Promossa e organizzata dall’Associazione Culturale “22 secondi” e L’Associazione Culturale Veneziana “Il Filo dell’orizzonte”, con la consulenza museale di Angelus Novus, Patrocinata dal Comune di Venezia e dell’Aquila, con il concorso della vetreria di Murano diretta da Cristina Sfriso, la mostra è supportata da un bel catalogo della casa editrice romana DEd’A recante la riproduzione di tutte le opere in mostra.
Scrive tra l’altro in catalogo in critico Antonio Gasbarrini nel suo testo 22 più 2 opere dedicate al terremoto aquilano del 6 aprile 2009: “Il titolo di questa mostra personale dell’artista iraniano Rezakhan a Venezia, ne riecheggia un altro pressoché identico: Universo in costruzione. Utilizzato nel 1991 nel testo di presentazione di una delle sue prime uscite espositive nell’aquilana Officina di Claudio Del Romano. Qui Rezakhan ha collaborato, come grafico, con uno dei più insigni figli dell’arte tipografica italiana (Claudio Del Romano, appunto, scomparso quasi novantenne alcuni giorni fa).
Tra quel “remoto”, remotissimo 1991 in cui aleggiava tutta la poetica aniconica di matrice islamica del giovane artista trapiantato nella città federiciana, e quei terribili, sobbalzanti secondi delle 3.32 del 6 aprile 2009, c’è un incolmabile iato: della memoria, innanzitutto. “Di e in” una città distrutta dal sisma prima ed assassinata una seconda volta poi, dalle repellenti campagne propagandistiche mediatiche dell’innominabile sig. b. e dalla concomitante inettitudine delle istituzioni (degne solo d’una minuscolissima i).

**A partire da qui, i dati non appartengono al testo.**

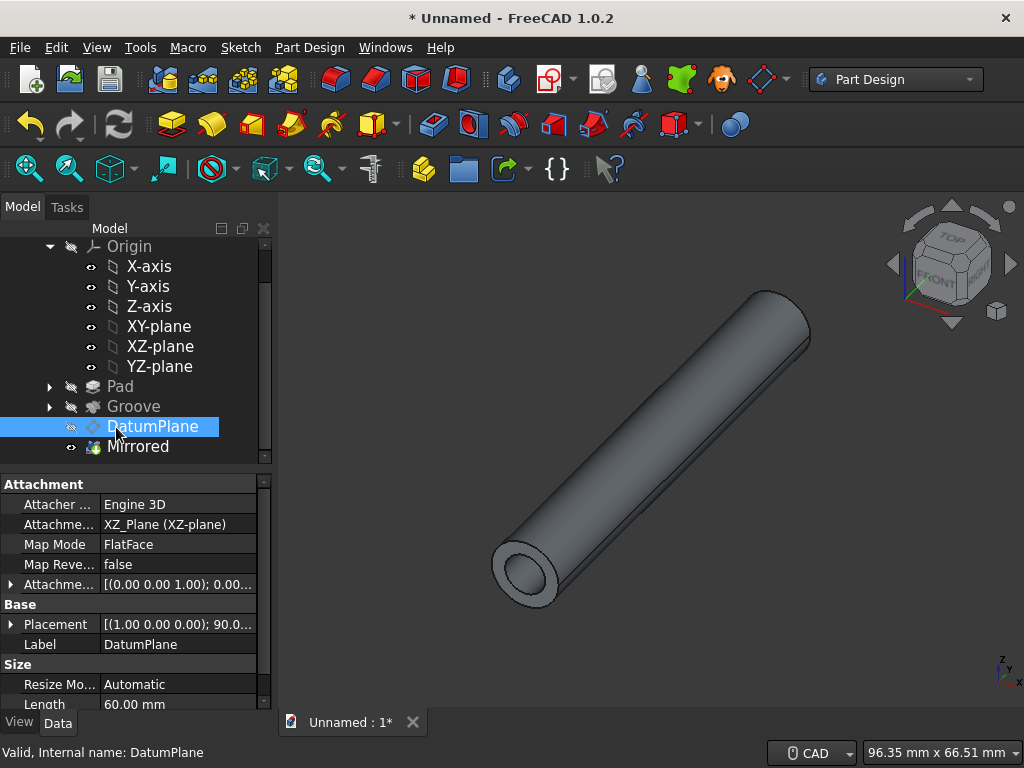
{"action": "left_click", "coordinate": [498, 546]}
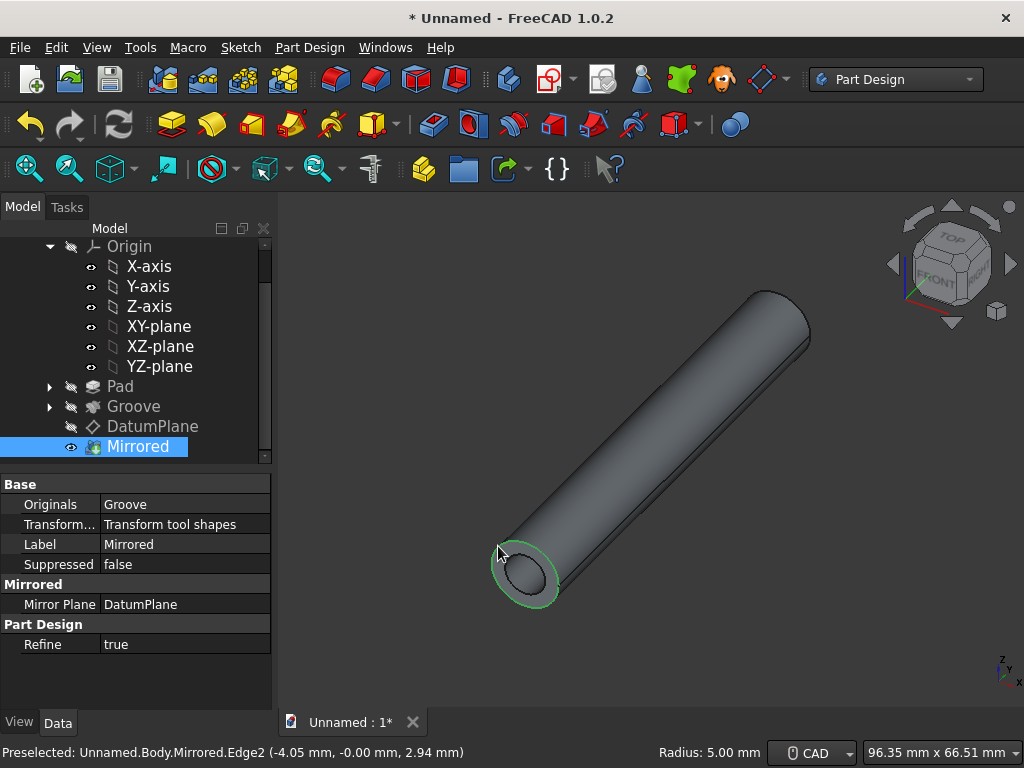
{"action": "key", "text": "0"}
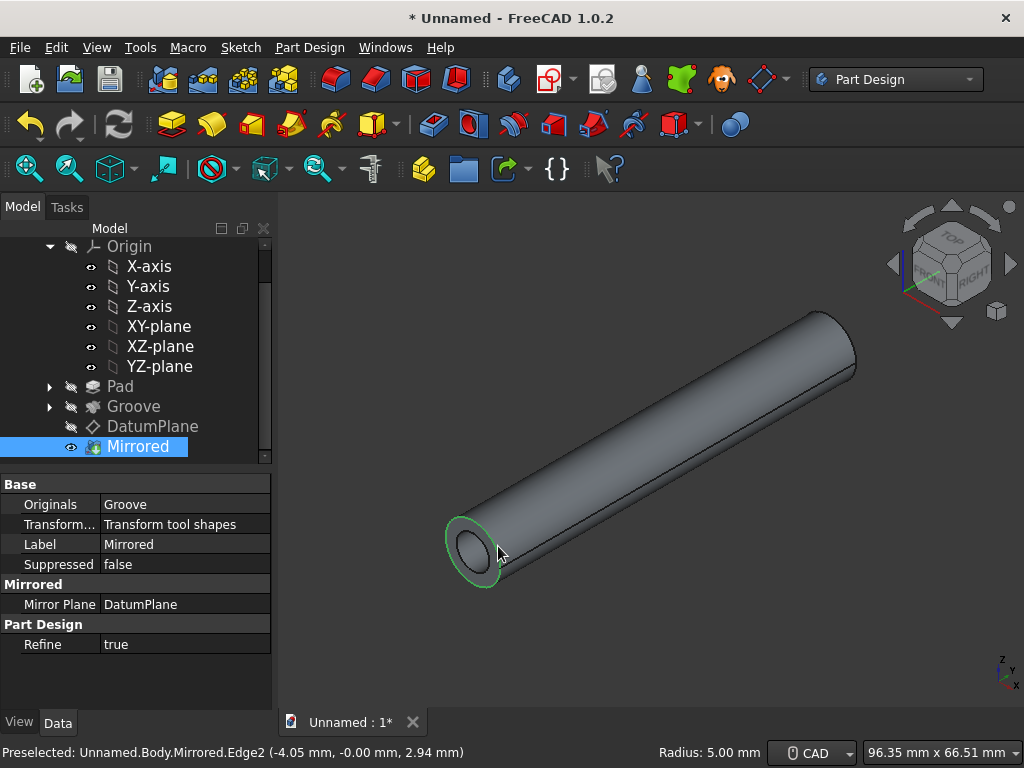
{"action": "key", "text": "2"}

Dopo ben quattro giri della terra intorno al sole, il centro storico de “L’Aquila magnifica citade” (così la designava a metà del Trecento il cantore epico Buccio di Ranallo nella sua Cronica) somiglia sempre più a Pompei, con le sue desolanti rovine impalate, con le sue zone rosse (di vergogna), con i militari che ancora presidiano questo o quel varco interdetto, con i 14.000 diasporizzati cittadini aquilani tuttora rinchiusi entropicamente nei 19 agglomerati (cosiddette new town) senza più un’accettabile identità civica.
Rezakhan, il critico Antonio Gasbarrini, la poeta Anna Maria Giancarli, hanno sperimentato sulla propria pelle tutte le atrocità compresenti in un’inenarrabile e irrappresentabile tragedia. In gran parte accettabile allorché le forze ctonie della Natura scaricano casualmente e caoticamente tutta la loro energia catastrofica repressa.
Cercando ora in questa personale – con la muta, eppur euritmica teoria delle opere esposte partorite sotto l’egida dei “22 secondi” (durata della devastatrice scossa sismica, peraltro declinati dai sismologhi anche in 26 o, ancora, in 38 sessantesimi d’un interminabile minuto) – e, con le due testimonianze in catalogo, di sublimarla.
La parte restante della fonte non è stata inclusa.